Thank you, Psymon. I'm looking forward to it. I forgot to mention one big caveat on my part, though, that may turn out to be an unsurmountable stumbling block: I refuse to read even
slightly "modernized" (read: bastardized) editions of classics.

I love EPUBs, and I detest PDFs, but if you give me the choice of reading Thoreau in a superbly crafted EPUB edition where someone presumed to mess with Thoreau's original punctuation, spelling (let alone word choice), etc., and a
scanned/photographed PDF edition of the text
exactly as it was published during Thoreau's lifetime (ideally under the writer's personal auspices)...
... well, given
that choice, I'm always going to opt for PDF (and GoodReader on iOS) containing the 100% pure, unadulterated Thoreau.
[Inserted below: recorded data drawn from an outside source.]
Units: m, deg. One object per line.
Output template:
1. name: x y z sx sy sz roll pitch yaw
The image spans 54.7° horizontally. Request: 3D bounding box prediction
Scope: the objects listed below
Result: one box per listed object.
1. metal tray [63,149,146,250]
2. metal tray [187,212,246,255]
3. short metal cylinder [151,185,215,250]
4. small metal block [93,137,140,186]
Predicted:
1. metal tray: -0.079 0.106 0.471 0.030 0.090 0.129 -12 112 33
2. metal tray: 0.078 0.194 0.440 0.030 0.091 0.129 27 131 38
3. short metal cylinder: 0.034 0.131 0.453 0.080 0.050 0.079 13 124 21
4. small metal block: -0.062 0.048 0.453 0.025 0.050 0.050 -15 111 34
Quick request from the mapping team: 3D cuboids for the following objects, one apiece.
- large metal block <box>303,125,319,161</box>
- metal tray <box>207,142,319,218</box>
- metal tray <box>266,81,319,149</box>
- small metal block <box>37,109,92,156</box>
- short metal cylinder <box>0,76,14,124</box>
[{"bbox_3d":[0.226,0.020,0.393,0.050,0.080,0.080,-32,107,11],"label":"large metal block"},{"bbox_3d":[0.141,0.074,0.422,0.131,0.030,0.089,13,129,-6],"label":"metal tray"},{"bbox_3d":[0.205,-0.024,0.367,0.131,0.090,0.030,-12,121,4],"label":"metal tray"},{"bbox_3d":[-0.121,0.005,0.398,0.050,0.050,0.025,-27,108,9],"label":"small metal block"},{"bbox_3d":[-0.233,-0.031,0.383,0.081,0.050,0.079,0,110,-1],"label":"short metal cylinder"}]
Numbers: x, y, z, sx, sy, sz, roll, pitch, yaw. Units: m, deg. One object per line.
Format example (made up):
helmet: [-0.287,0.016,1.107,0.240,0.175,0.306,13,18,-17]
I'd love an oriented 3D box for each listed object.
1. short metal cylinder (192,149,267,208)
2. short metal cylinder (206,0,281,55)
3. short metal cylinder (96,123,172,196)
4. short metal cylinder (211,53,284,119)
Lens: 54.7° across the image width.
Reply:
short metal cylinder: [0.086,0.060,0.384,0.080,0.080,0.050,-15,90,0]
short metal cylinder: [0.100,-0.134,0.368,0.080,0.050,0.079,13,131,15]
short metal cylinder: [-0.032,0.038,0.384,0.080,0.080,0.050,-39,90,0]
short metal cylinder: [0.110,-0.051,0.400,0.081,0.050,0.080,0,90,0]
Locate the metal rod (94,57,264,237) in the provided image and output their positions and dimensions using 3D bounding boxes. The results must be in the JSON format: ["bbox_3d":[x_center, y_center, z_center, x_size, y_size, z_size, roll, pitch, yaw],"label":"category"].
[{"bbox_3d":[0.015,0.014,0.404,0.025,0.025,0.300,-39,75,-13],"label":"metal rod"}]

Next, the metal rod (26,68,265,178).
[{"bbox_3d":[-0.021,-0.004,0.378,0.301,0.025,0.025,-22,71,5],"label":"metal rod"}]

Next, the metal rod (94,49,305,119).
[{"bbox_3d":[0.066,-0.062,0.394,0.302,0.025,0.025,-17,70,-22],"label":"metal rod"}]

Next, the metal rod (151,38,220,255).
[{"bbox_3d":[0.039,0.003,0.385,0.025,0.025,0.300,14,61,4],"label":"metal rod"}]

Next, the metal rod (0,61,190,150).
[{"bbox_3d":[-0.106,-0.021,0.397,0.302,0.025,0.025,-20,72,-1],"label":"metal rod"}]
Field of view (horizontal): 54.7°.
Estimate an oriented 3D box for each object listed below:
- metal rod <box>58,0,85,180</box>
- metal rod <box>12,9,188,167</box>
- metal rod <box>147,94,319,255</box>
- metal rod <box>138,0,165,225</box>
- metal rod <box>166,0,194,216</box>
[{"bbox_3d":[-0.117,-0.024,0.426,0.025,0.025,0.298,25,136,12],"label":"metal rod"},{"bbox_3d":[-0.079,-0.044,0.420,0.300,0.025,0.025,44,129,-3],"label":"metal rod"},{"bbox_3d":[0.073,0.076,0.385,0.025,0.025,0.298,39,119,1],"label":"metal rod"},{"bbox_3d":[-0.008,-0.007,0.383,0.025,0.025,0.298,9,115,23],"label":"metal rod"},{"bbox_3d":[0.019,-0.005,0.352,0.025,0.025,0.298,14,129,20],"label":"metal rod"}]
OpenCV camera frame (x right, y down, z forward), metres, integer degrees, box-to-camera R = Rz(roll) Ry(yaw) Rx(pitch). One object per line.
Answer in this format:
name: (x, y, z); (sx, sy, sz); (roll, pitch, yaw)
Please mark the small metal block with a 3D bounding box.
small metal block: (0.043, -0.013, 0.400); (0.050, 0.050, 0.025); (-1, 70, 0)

In other words, I'm a fan of the "Library of America" publishing principle: preserving every single letter and punctuation mark as it was contained in the original edition. (There's a very nice technical term for this in the German publishing industry:
wort- und zeichengetreu.) To all publishers, wherever they are, I'd like to say: "Please, don't mess with our classics. If you feel the irresistible urge to 'correct' them, do so in editorial footnotes, without touching the original text."
So I hope you're producing your Thoreau e-books from such
primary sources (ideally released during Thoreau's lifetime), Psymon. If not, I'll be unable to read your Thoreau editions, for which I apologize in advance.

There are likely many readers out there who will appreciate "modernized" or "adjusted" texts by classics; I'm just not one of them.